30 Copy-Paste Email Blast Templates
Every template includes a subject line, body copy, CTA, and a note on why it works. Copy them. Edit them. These are intentionally direct and hype-free - a good-enough email sent today beats a perfect email sent never. In our experience, the shortest templates consistently outperform the ones people spend hours polishing.

Product Launch / Announcement
Template 1 - The Straight Reveal
Subject: We built something new. Here's what it does.
Hi {{first_name}},
We've been working on {{product_name}} for the past few months, and it's live today. It does one thing really well: {{core benefit in one sentence}}.
What that means for you: {{specific outcome like "50% faster exports" or "no more manual data entry"}}.
[See it in action →]
Why this works: No hype, no countdown. Product launches don't need drama - they need a reason to click.
Template 2 - The Problem-First Launch
Subject: {{Pain point}}? We fixed it.
Hi {{first_name}},
You've told us {{specific complaint like "the dashboard is too slow"}}. Fair. We rebuilt it from scratch.
{{Product_name}} is now live with {{2-3 key improvements}}.
Try it now - your existing login works.
[Open {{product_name}} →]
Pro tip: Acknowledging frustration before pitching the solution makes this feel like a conversation, not a press release.
Template 3 - The Feature Drop
Subject: New: {{feature_name}} is live in your account
{{First_name}}, quick one --
We just shipped {{feature_name}}. It lets you {{what it does in plain English}}.
No setup required. It's already in your {{dashboard/settings/toolbar}}.
[Try {{feature_name}} →]
Why this works: "It's already there" removes every objection.
Template 4 - The Waitlist Payoff
Subject: You're in. {{Product_name}} is ready for you.
Hi {{first_name}},
You signed up for early access to {{product_name}} on {{date}}. Today's the day.
Your account is active. Here's what to do first: {{one specific first step}}.
[Get started →]
The specific date callback makes this personal - it rewards patience with exclusivity.
Promotional / Flash Sale
Template 5 - The Deadline Blast
Subject: 30% off everything. Ends midnight.
{{First_name}},
We're running our biggest sale of the quarter - 30% off every plan, no code needed. It ends tonight at midnight {{timezone}}.

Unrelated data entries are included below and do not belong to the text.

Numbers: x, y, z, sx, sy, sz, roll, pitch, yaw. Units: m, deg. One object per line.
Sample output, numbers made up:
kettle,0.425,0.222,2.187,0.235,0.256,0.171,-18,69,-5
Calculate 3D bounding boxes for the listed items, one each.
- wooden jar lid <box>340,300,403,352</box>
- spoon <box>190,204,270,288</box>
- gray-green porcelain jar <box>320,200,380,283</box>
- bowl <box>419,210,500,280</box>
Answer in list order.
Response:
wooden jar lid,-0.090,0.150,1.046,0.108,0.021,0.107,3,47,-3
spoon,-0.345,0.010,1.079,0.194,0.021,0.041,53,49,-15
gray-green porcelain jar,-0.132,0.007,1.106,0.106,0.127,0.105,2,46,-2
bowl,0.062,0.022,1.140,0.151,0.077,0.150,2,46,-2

This won't come back until {{next sale period}}.
[Grab 30% off →]
Real scarcity with a specific deadline. No fake urgency - just a window that actually closes.
Template 6 - The One-Item Spotlight
Subject: Our best-seller is ${{sale_price}} today only
Hi {{first_name}},
{{Product_name}} is our most popular {{category}} - and today it's ${{sale_price}} instead of ${{regular_price}}.
One day. One product. No code.
[Shop now →]
Focus beats choice paralysis every time.
Template 7 - The Loyalty Reward
Subject: You've been here since the beginning. This is for you.
{{First_name}},
You joined us {{timeframe}} ago. To say thanks, here's an exclusive {{discount/offer}} - just for subscribers who've been with us since {{date/period}}.
Use code {{CODE}} at checkout. Valid through {{date}}.
[Claim your reward →]
Segmented by tenure. Makes the recipient feel recognized, not mass-marketed.
Template 8 - The Cart Nudge Blast
Here's a weak version vs. a strong version of this template:
❌ Weak: "You left something in your cart! Come back and finish your purchase!"
✅ Strong:
Subject: Still thinking about it? Here's 15% off.
Hi {{first_name}},
You left {{product_name}} in your cart. No pressure - but we can take 15% off if you grab it today.
Code: {{CODE}}
[Complete your order →]
The weak version is vague and pushy. The strong version names the product and leads with a discount.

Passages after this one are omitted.